Metabolic and endocrine disorders
Olanzapine has the highest risk of obesity and metabolic disorders compared to other antipsychotics. In patients taking olanzapine 15 mg per day, after a year of therapy, body weight increases by an average of 11.8 kg. An increase in weight during treatment with this drug is noted up to 12% of the initial weight of patients. Weight gain can be up to 20-45 kg.
The consequences of obesity and metabolic disorders caused by antipsychotics seem to be no different from the consequences of obesity caused by any other causes, that is, they include an increased risk of coronary heart disease, arterial hypertension, cancer, diabetes mellitus, osteoarthritis, sleep apnea , cholelithiasis, myocardial infarction and stroke. The use of olanzapine statistically significantly increases the risk of developing diabetes by 6 times.
The metabolic disturbances mentioned above are caused by olanzapine not only in patients with mental disorders, but also in mentally healthy individuals. Studies have also shown that olanzapine reduces insulin sensitivity in healthy men after eight or ten days of use.
Diabetic ketoacidosis, a relatively rare and extremely dangerous complication of diabetes, can also be caused by olanzapine. Cases have been repeatedly noted when diabetic ketoacidosis developed suddenly, in the absence of previously diagnosed diabetes. The possibility of diabetic ketoacidosis must always be kept in mind: its mental manifestations are easily confused with the symptoms of schizophrenia.
At the beginning of treatment, especially when choosing a dosage, observation is necessary:
- extrapyramidal side effects,
- orthostatic hypotension and reflex tachycardia,
- drowsiness,
- weight gain,
- hyperglycemia and hyperlipoproteinemia are possible.
The risk of orthostatic hypotension is increased when olanzapine is taken concomitantly with benzodiazepines. Drowsiness at the beginning of treatment develops often, so the drug is best taken at night.
Due to the possibility of developing agranulocytosis, it is desirable to conduct weekly blood monitoring during the first 18 weeks of therapy in patients taking olanzapine, and then monthly.
When initially prescribing olanzapine, it is necessary to assess the likelihood of a patient gaining weight, taking into account his body mass index, history, general clinical feeling of a tendency to be overweight. When observing a patient taking olanzapine, it is important to consider the basic principle of weight gain control: a seven percent increase in body weight from the initial body weight is an absolute contraindication to further use of the drug.
To prevent the development of life-threatening conditions associated with diabetes (acidosis and coma), early recognition and treatment of developing diabetes is necessary.

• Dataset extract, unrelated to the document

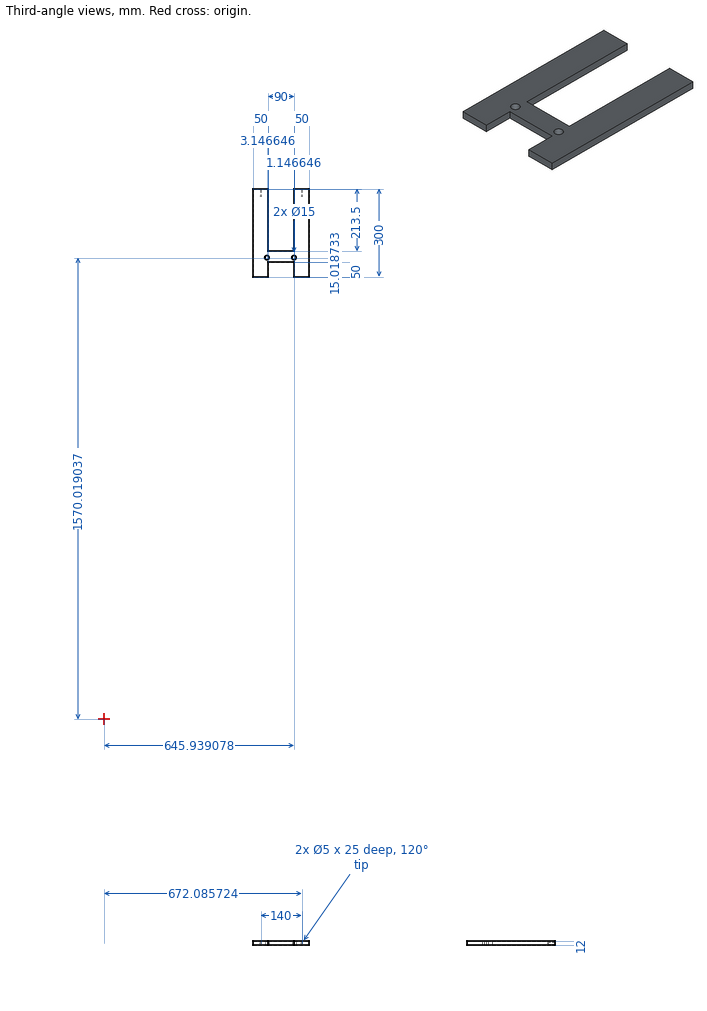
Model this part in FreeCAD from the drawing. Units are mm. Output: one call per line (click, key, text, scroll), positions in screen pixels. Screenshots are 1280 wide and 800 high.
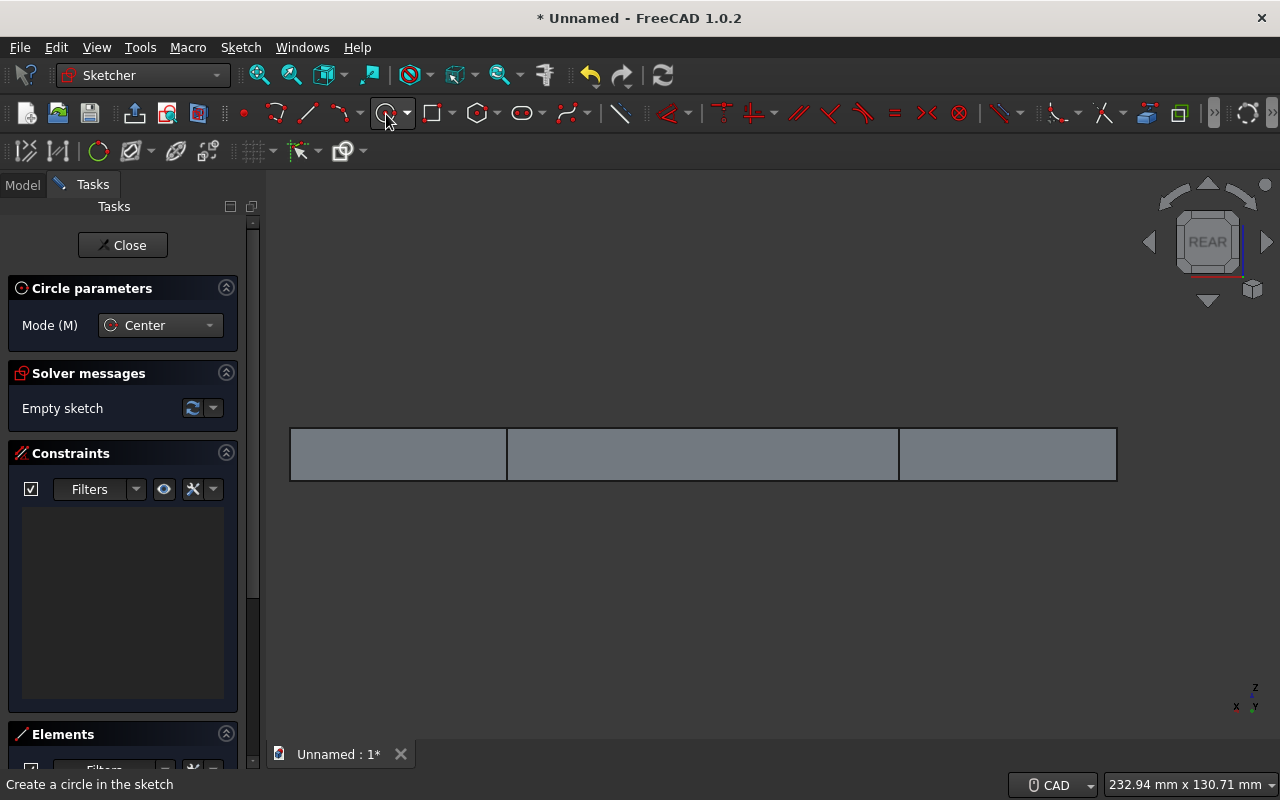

Psychiatrists in therapy with olanzapine should be alert to symptoms of diabetes such as weight loss, drowsiness, thirst, polyuria, and, if necessary, provide their patient with an endocrinologist's consultation.
Olanzapine can also cause the development of neuroleptic malignant syndrome, a potentially fatal symptom complex, the clinical manifestations of which include:
- a significant increase in body temperature,
- muscle rigidity,
- changes in mental status and autonomic disorders (unstable pulse or blood pressure, tachycardia, cardiac arrhythmia, increased sweating).
Additional signs may include an increase in CPK levels, myoglobinuria (rhabdomyolysis), and acute renal failure. Clinical manifestations of neuroleptic malignant syndrome or a significant increase in body temperature without other symptoms of this syndrome require the abolition of all antipsychotics, including olanzapine.
In comparative studies lasting more than 6 weeks, treatment with olanzapine was sometimes accompanied by the development of tardive dyskinesia (an irreversible neurological side effect). With the development of signs of tardive dyskinesia, it is recommended to reduce the dose or stop olanzapine. Symptoms of tardive dyskinesia may increase or begin after discontinuation of the drug.
With extreme caution, the drug should be used with an increase in the activity of AST and ALT in patients with insufficiency of liver function, a limited functional reserve of the liver, or in patients receiving treatment with potentially hepatotoxic drugs. In the event of an increase in AST and / or ALT activity during treatment with olanzapine, careful monitoring of the patient and, if necessary, dose reduction is required.
Olanzapine should be used with caution in patients with a history of seizures or those exposed to factors that lower the seizure threshold. Seizures have rarely been observed in these patients treated with olanzapine.
Under in vitro conditions, olanzapine exhibits dopamine antagonism and, like other antipsychotics, inhibits the action of levodopa and dopamine agonists.
Withdrawal of olanzapine may result in cholinergic withdrawal effects, including flu-like symptoms, insomnia, agitation, confusion, restlessness, anxiety, and extrapyramidal disorders. To prevent the cholinergic effects of withdrawal, a gradual decrease in the dose of the drug is recommended (and, if it is planned to switch to another antipsychotic, a gradual increase in the doses of this antipsychotic), with the development of withdrawal symptoms, a “step back” to the previous dose of the drug being withdrawn, and its slower withdrawal, in if necessary, the appointment of correctors and benzodiazepines.